How Project Natal Works

Project Natal has two input devices:

First is a 3D camera, which can measure both the colour and the distance of every pixel.

Second is a microphone array, which is several directional microphones arranged in a pattern. They can separate out different sound sources and determine where each sound came from, and can thus filter out any noise.

The 3D camera is actually made out of two cameras, one that senses distance using infra-red and one normal one that senses colour. But it helps to think of it as a single camera that can also measure depth.

The 3D camera makes Project Natal much more powerful than a 2D camera like the Eye-toy. It makes it dead easy to filter out background objects, and find only the objects that you are looking for. And it doesn’t need to rely on colours to recognise things, it can just look at their 3D shape.

It could operate in complete darkness and still see the 3D shape of everything, but knowing the colours would make it easier to recognise hands and faces and other things.

The 3D camera would also allow it to easily scan in any 3D object and convert it into a virtual object in the game. It has only been demonstrated with the 2D image on a skateboard, but there is no reason why Natal couldn’t scan in any object you showed it, if you showed it from a few different angles.
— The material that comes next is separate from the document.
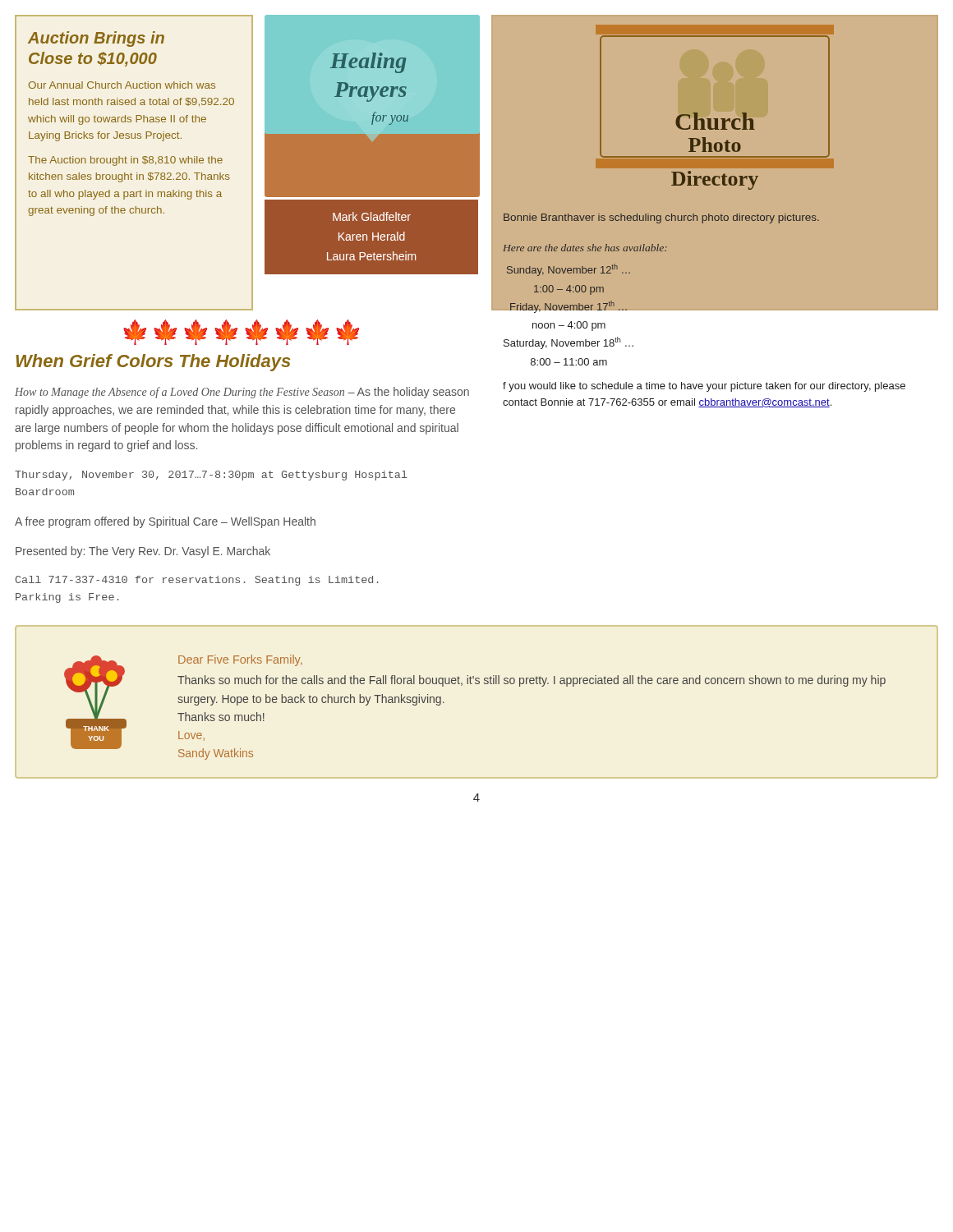Where is the passage that starts "Dear Five Forks Family,"?

tap(240, 660)

One downside of the 3D camera is that it relies on line-of-sight and can’t see behind things. So it can’t track your hand when it goes behind your back, or when someone stands in front of you. But a Wii Remote, or magnetic 6DOF tracker could still track it.

Another downside is that it could get confused about the distance of transparent or reflective objects, since the IR light that goes back might have first come from somewhere further away.
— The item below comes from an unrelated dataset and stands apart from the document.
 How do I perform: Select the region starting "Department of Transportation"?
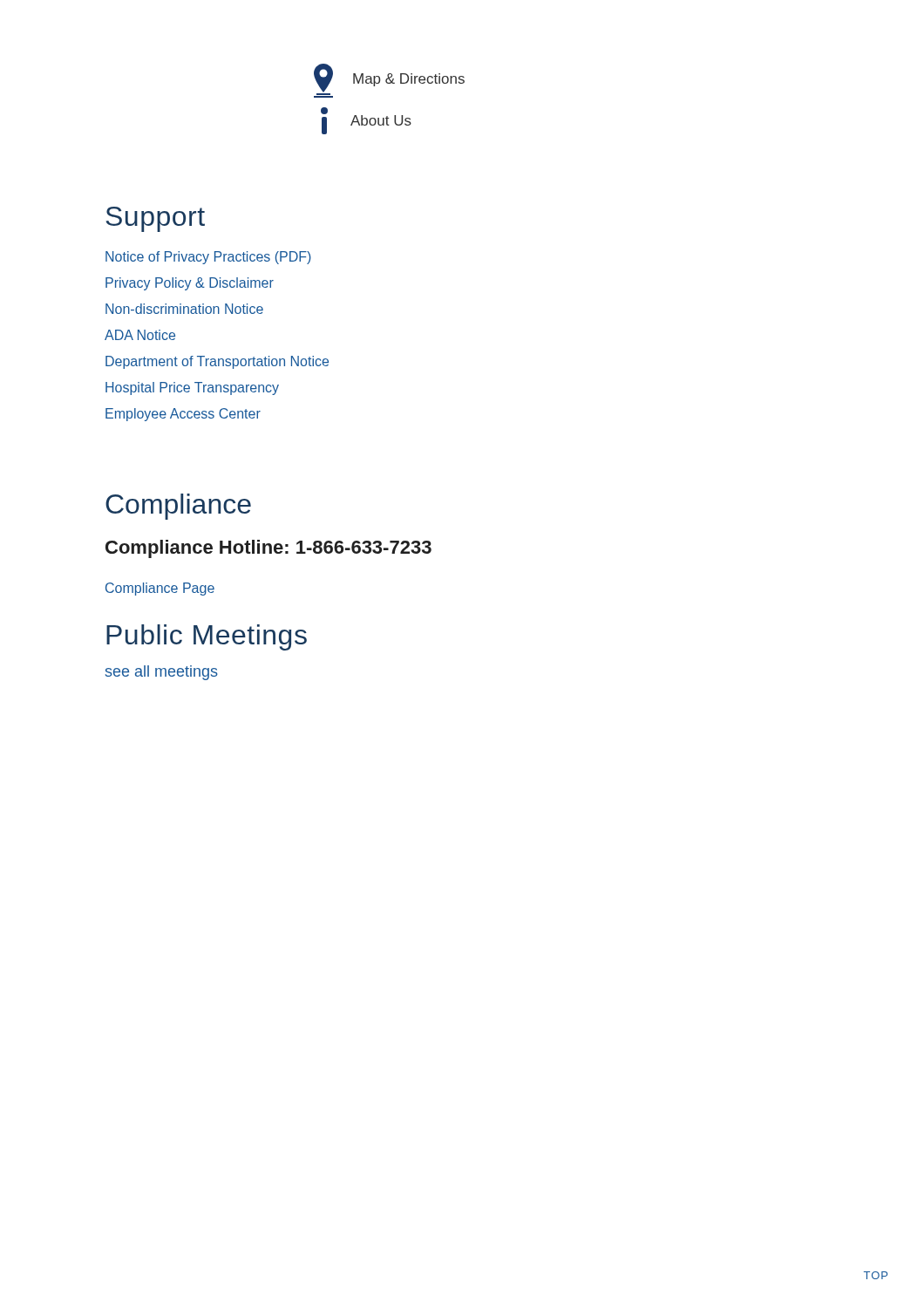tap(217, 362)

The microphone array is important for speech recognition, since it can filter out noise, and could separately recognise several speakers talking at once. Especially since the TV will also be making noise. It could also be used to have virtual characters still look at you when you go out of sight of the camera and still talk to it. And in a multiplayer game it helps it know which player is speaking by knowing which sound came from which body that it can see.

It doesn’t just recognise words though. In games like Milo and Kate it can recognise the emotion of the speaker, and can tell things like whether they are telling a joke. It could also be used for rhythm games by using anything that makes a sound, or by clapping. It’s not known whether the monster game used the microphone or facial expression tracking to control breathing fire. It would have to be a good quality microphone, because normally speech recognition requires a microphone a few cm from your mouth.

But the most important part of how Project Natal works is the software. Microsoft, with some help from Peter Molyneux, went around to all their different research projects that they’d been working on for other projects, and collected their software technology and put it all together.

First, there’s the speech recognition. Microsoft has been working on their own speech recognition engine and API for a long time. You can use the same speech recognition engine as Natal for free in gaming right now if you want. Download GlovePIE, and train speech recognition in the Speech control panel. If you only have Windows XP, you will need to first either install the speech recognition from Microsoft Office (best way) or download and install the SAPI 5 SDK with speech recognition.

Then there’s facial recognition. You might have seen this in other Microsoft products, such as Windows Live Photo Gallery, which you can download here for free, and start your computer automatically recognising all the faces in your photos.

Peter Molyneux also mentions handwriting recognition, although we haven’t seen it used yet. But I’m guessing we will in some games.

And there was no doubt a lot of other code.

Then there’s a huge amount of new software which Microsoft had to write. It has to find the shapes of people, and from there convert the surface data into 48 skeletal points for each player. It can do that for 4 people at once, 30 times per second. It can even identify individual fingers if they are close enough.

The need for all that software is why Project Natal could only have been made fully by Microsoft, not Nintendo, Sony, or Sega.